The publisher could then request this aggregated vector via some kind of API. The server-side aggregation service would add some small amount of noise to the aggregation to ensure a target ε-differential privacy. With the exception of supporting vector primitives, this is exactly what is described in Chrome’s current explainer.
The publisher would at this point have learned something about the aggregated properties of the visitors of the advertiser website. It could utilize this aggregated data to enable “Lookalike Targeting” on the publisher website. It could compute the similarity of each user to the aggregated embedding vector, and set some kind of minimum similarity threshold before showing an ad.
While summing up the embedding vectors is simple to describe, and might have some utility, we think that we could get much more utility for the same value of ε-differential privacy if we could extend Chrome’s proposed “Aggregated Reporting API” to support logistic regression.
In Step 3, the aggregation servers would still receive the embedding vectors of users who visited the advertiser website. These would all be “positive” training samples. We could randomly select browsers that did not visit this website, and use their embeddings as “negative” training samples. This would result in a table of data like this:
vec[0] | vec[1] | vec[2] | vec[3] | vec[4] | vec[5] | vec[6] | vec[7] | label |
---|---|---|---|---|---|---|---|---|
0.2 | -0.7 | 0.3 | 0.9 | -0.8 | -0.1 | 0.0 | 0.1 | 1 |
0.8 | -0.1 | 0.5 | -0.2 | -0.6 | 0.9 | -0.4 | -0.3 | 0 |
-0.2 | -0.9 | 0.4 | 0.6 | -0.2 | 0.3 | 0.2 | -0.1 | 1 |
Now we would need the aggregation server to train a logistic regression on this data for each advertiser’s website. The result of this training data would still be a single vector of weights with the same length as the embedding vectors provided. It would still need some small amount of noise added to it to provide a given ε-differential privacy.
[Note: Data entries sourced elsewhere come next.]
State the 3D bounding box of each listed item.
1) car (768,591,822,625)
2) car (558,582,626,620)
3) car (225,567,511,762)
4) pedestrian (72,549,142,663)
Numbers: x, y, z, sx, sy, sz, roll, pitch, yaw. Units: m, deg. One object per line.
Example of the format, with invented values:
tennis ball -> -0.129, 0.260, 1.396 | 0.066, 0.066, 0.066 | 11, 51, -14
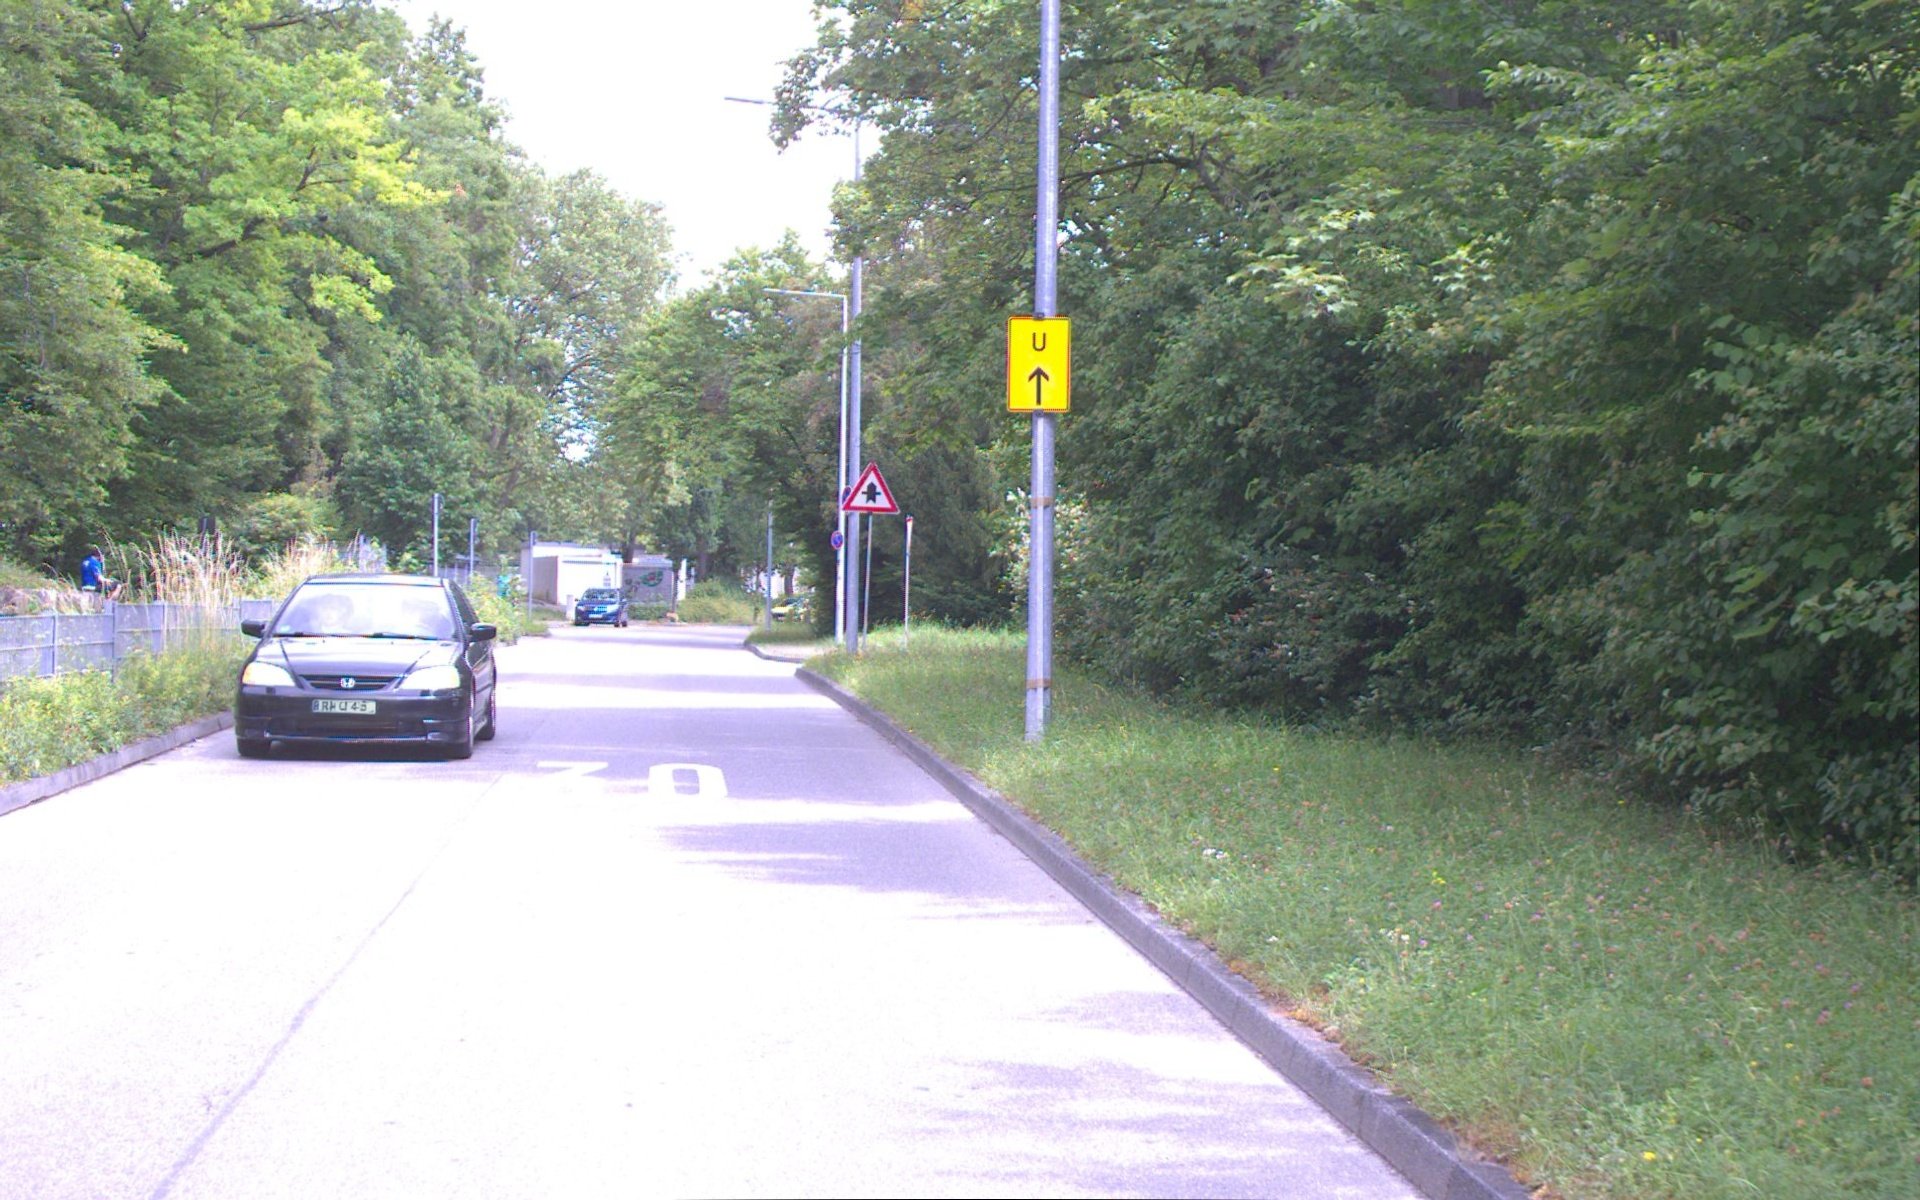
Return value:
car -> -8.179, 0.413, 170.764 | 1.860, 1.487, 3.998 | -1, -2, 10
car -> -14.198, 0.030, 132.909 | 1.979, 1.379, 4.000 | 2, 0, 3
car -> -4.461, 0.437, 26.395 | 1.692, 1.344, 4.095 | 1, 1, -3
pedestrian -> -15.405, 0.119, 62.062 | 0.877, 2.007, 0.865 | -3, -3, 41

If Chrome is open to this approach, we think it would be quite promising. While logistic regression is more complex than simple sums, it does lend itself quite well to MPC and should be possible to compute in a relatively performant manner.
The user embedding computed by the publisher is private information. It is a derivative of private user data and must be treated with great care. We must assess the privacy characteristics of Chrome’s proposed “Aggregated Reporting API” from this perspective.
Who will have access to read this embedding? Will malicious browser extensions or malicious mobile apps be able to read it? Once it is sent to the aggregation service, will any helper node be able to read it?
It is also important to consider the privacy of the aggregate result computed from the embedding vectors of many users. Can the aggregation servers read this aggregate value before or after the addition of differential noise? Could a malicious helper node exfiltrate this trained model and from it learn information about the advertiser and/or publisher?
Given the answers to the above questions, is it necessary for the publisher to add differential noise to these embedding vectors to protect user privacy? Hopefully not, as the addition of noise at the input level would significantly reduce utility.
This is just a proposal. At this time, we do not know how much utility this approach would provide. We would need to do a significant amount of work to test this. To do this type of offline analysis, we need a simplified model of how global differential privacy would be added, and a target value of ε so that we can simulate it.